As feng-shui fever sweeps Britain, you're nobody if you haven't had your `chi' redirected. But pounds 150-an-hour to be told where to stick your wind-chimes? And watch out, there are charlatans about, says Matthew Sweet
Ruth, 26, an au pair working for a successful professional couple in a smart London suburb, would have felt pretty daft taking this before an industrial tribunal: "My employers had a huge row on the same day that I dumped a great big stereo down in their Relationship Corner. It was blocking the view of some photographs of them together as a couple. That's really bad feng-shui." Ruth was forced to admit that her rash act had produced domestic discord by disrupting the passage of positive energy - chi - through the living room, negating the beneficial effects of the goldfish and the healing crystals. In the suburbs, they take these things very seriously.

Feng-Shui is the ancient Chinese art of rearranging your house plants to make scads of money and improve your love life. Chinese peasants have been following its dictums for 5,000 years, and it must be said, have not achieved world-wide fame for their surfeits of sex and cash. However, now this brand of spatial acupuncture has been examined by Richard and Judy, and spawned a clutch of coffee table books, susceptible British metropolitans are desperate to encourage the household dragon to heavy- breathe good luck along their dadoes.

Carrie, a South London businesswoman, has benefited from such cosmic spring-cleaning: "It was quite expensive, but it's worked out a bit of a bargain. Since we had the flat done our business has taken a turn for the better." It's also brought a less dramatic bonus: "My husband had this horrible spiky plant that I'd been attempting to kill for months by pouring coffee and tea dregs into its pot. The feng-shui man told us to get rid of it, and that's certainly improved my lifestyle, cutting [negative] chi or no cutting chi".

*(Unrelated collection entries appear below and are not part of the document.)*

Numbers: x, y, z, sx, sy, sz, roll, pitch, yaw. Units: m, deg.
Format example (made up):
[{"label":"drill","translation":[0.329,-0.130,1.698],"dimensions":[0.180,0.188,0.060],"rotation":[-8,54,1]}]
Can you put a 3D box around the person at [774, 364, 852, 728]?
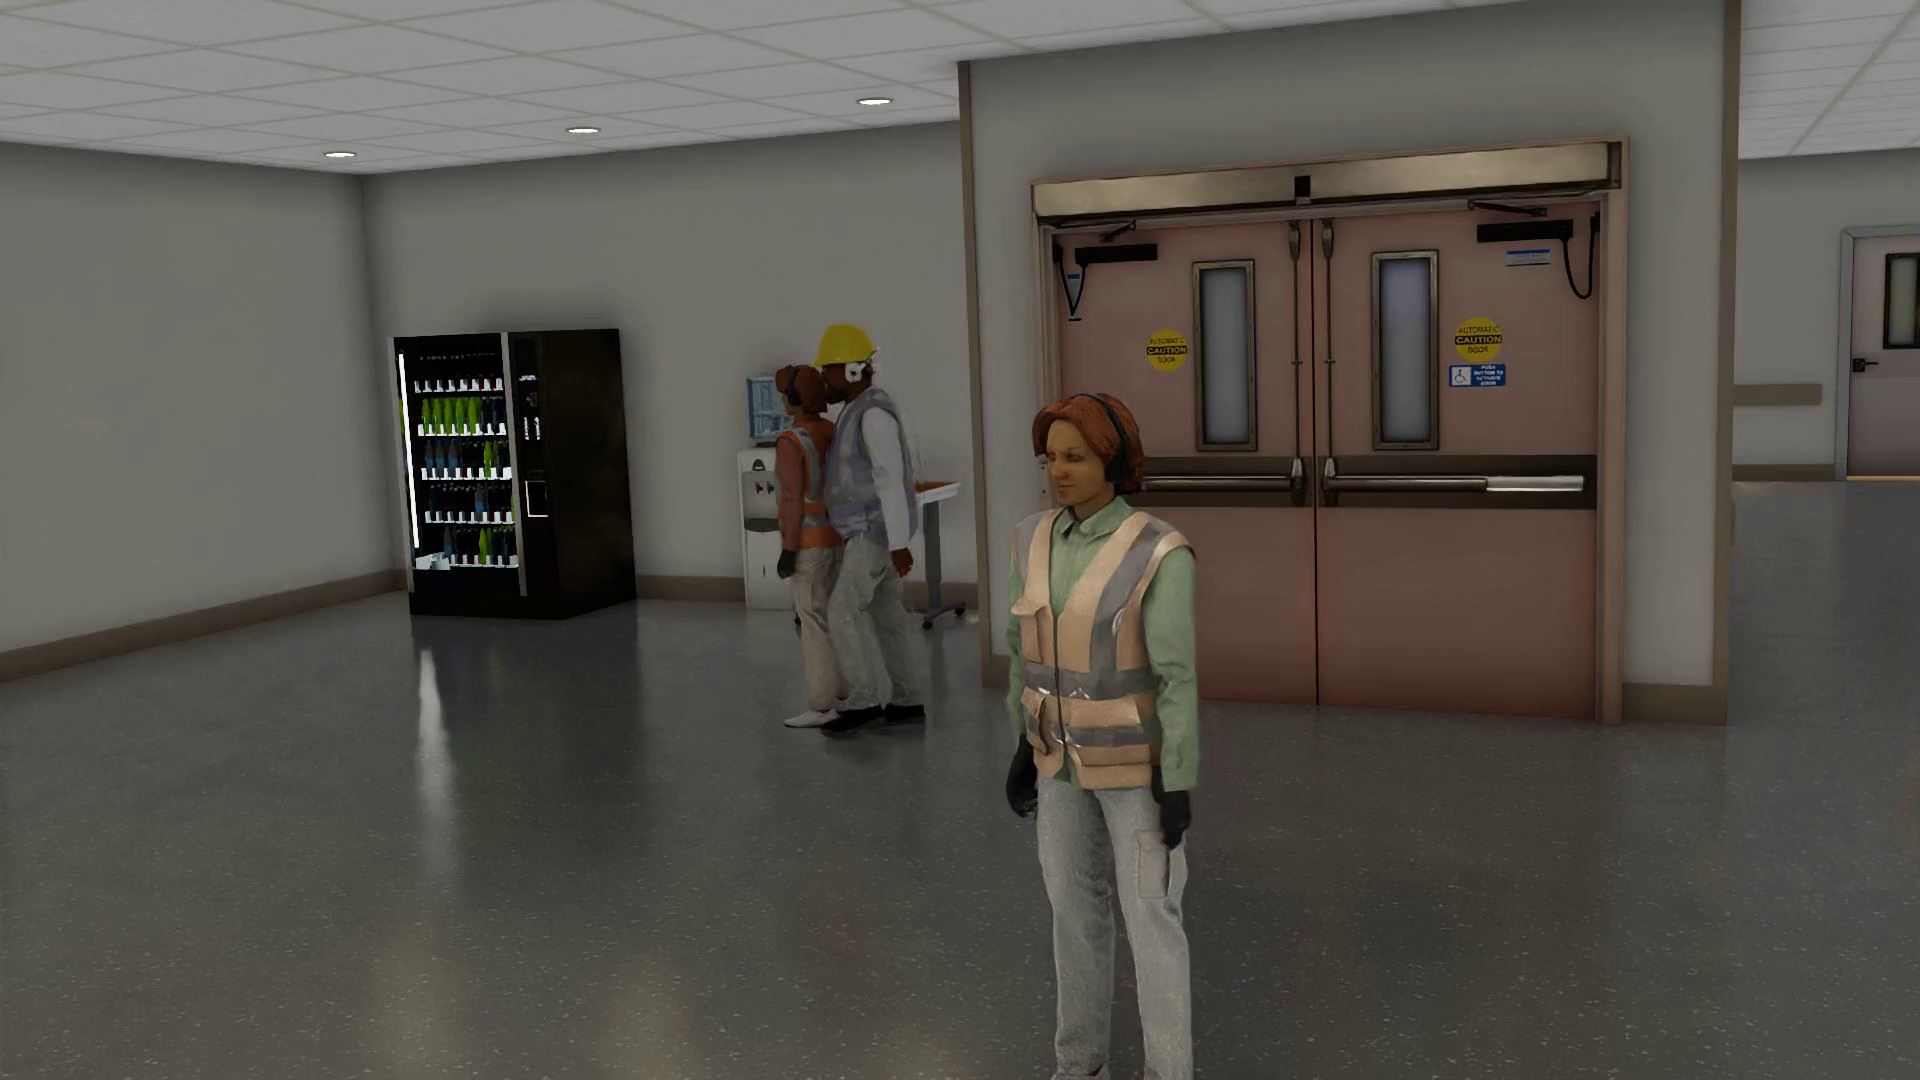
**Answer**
[{"label":"person","translation":[-0.656,0.027,7.508],"dimensions":[0.310,1.638,0.522],"rotation":[1,8,22]}]

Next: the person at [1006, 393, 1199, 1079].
[{"label":"person","translation":[0.315,0.503,3.581],"dimensions":[0.311,1.636,0.511],"rotation":[-9,10,-41]}]

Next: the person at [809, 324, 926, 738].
[{"label":"person","translation":[-0.458,-0.037,7.292],"dimensions":[0.637,1.805,0.632],"rotation":[-4,8,-11]}]
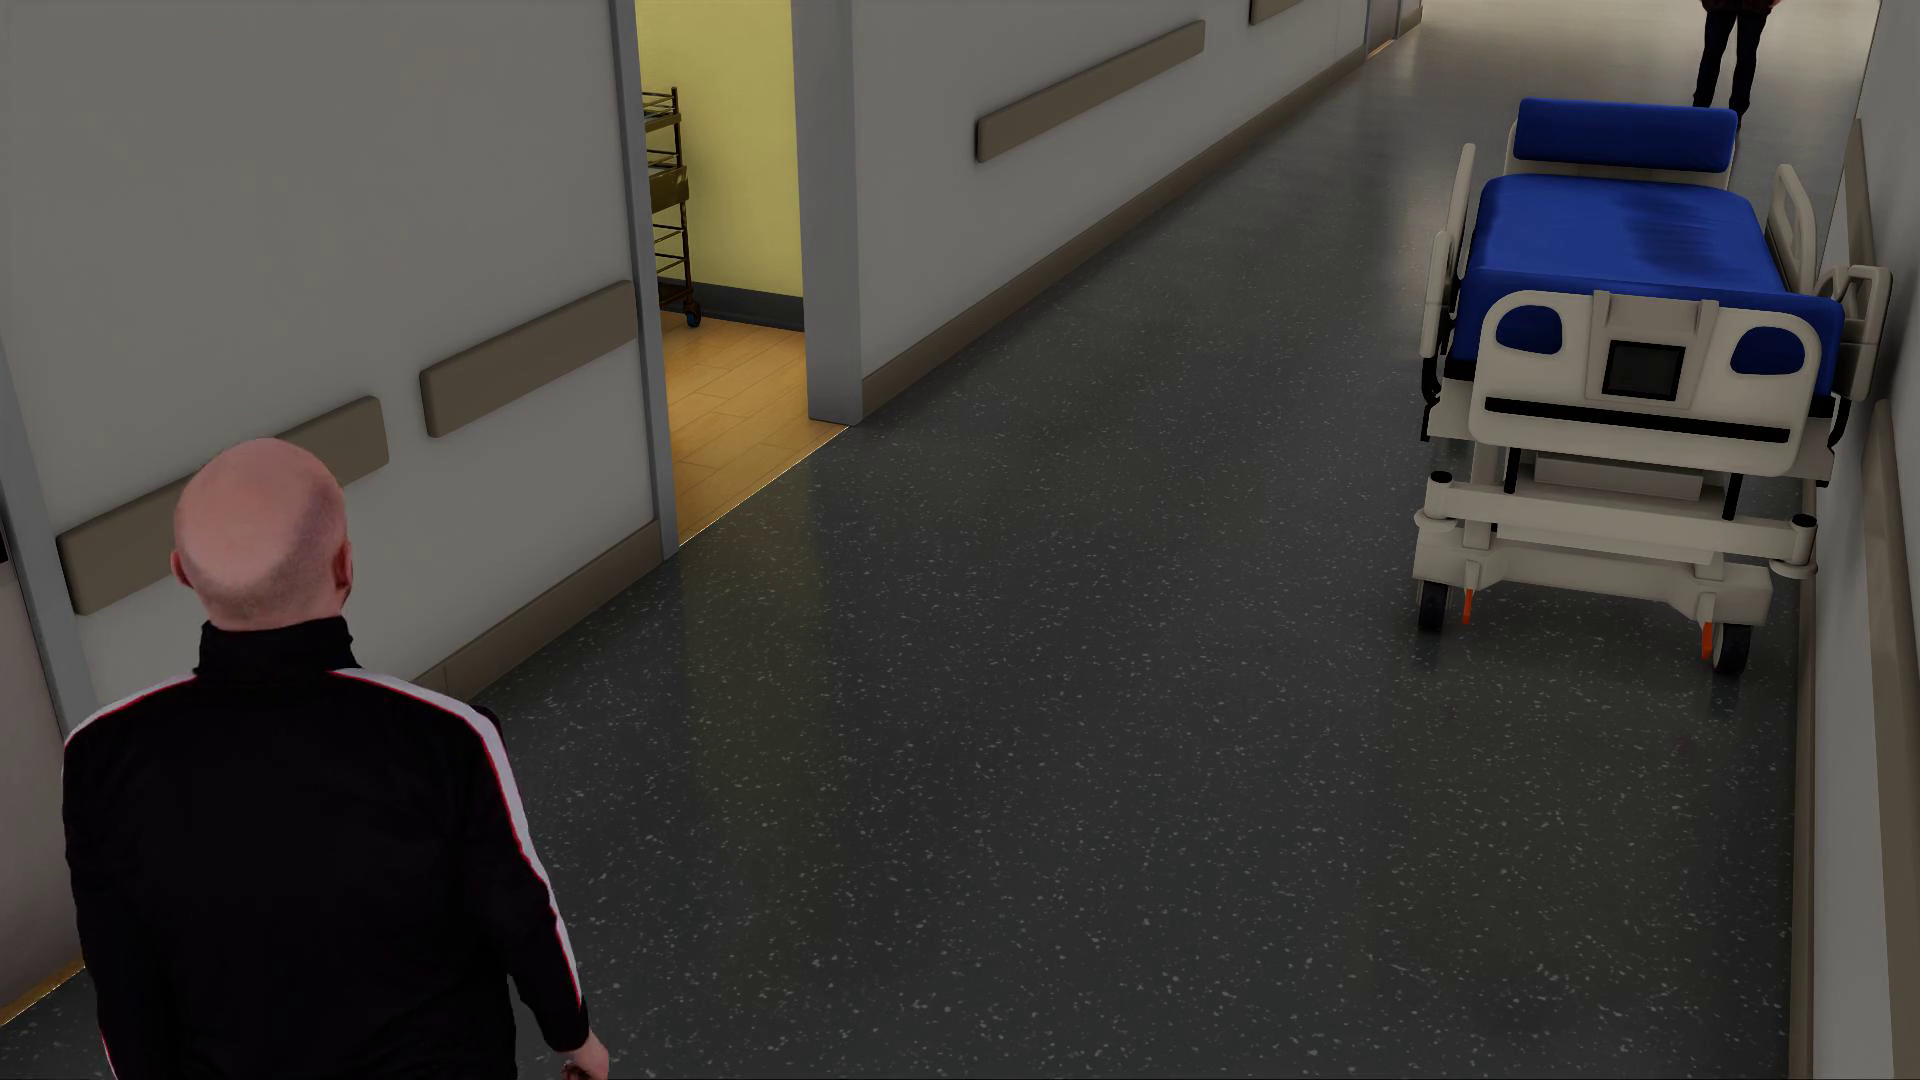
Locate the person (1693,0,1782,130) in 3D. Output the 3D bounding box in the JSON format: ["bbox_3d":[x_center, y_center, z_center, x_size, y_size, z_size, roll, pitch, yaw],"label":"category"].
[{"bbox_3d":[5.403,-3.801,11.490,0.696,1.847,0.875,18,31,33],"label":"person"}]

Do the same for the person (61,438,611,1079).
[{"bbox_3d":[-0.737,0.778,2.021,0.739,1.824,0.858,0,26,0],"label":"person"}]

Feng-shui's energetic incursion into popular culture hasn't been limited to the sofas of daytime TV. Celebrity enthusiasts include Richard Branson and the Duchess of York (but would you take tips on interiors from someone who sleeps with a cushion embroidered with the words, "Anyone can be a mother ... it takes someone special to be a mummy"?). In Philip Kerr's best- selling thriller, Gridiron, architects reject the advice of their feng- shui consultant and find that their building has developed a malignant intelligence bent on destroying its occupants. As if that wasn't bad enough, the novel also contains the English novel's first feng-shui sex scene: "`Did the dragon tell you I was coming?' he grinned ... `Of course,' she said, lying back on the bed. `The dragon tells me everything'". Cosmopolitan has offered its readers 10 ways to feng-shui their bedrooms for better sex. Presumably, being watched from your Relationship Corner by your lucky goldfish adds an extra frisson of excitement.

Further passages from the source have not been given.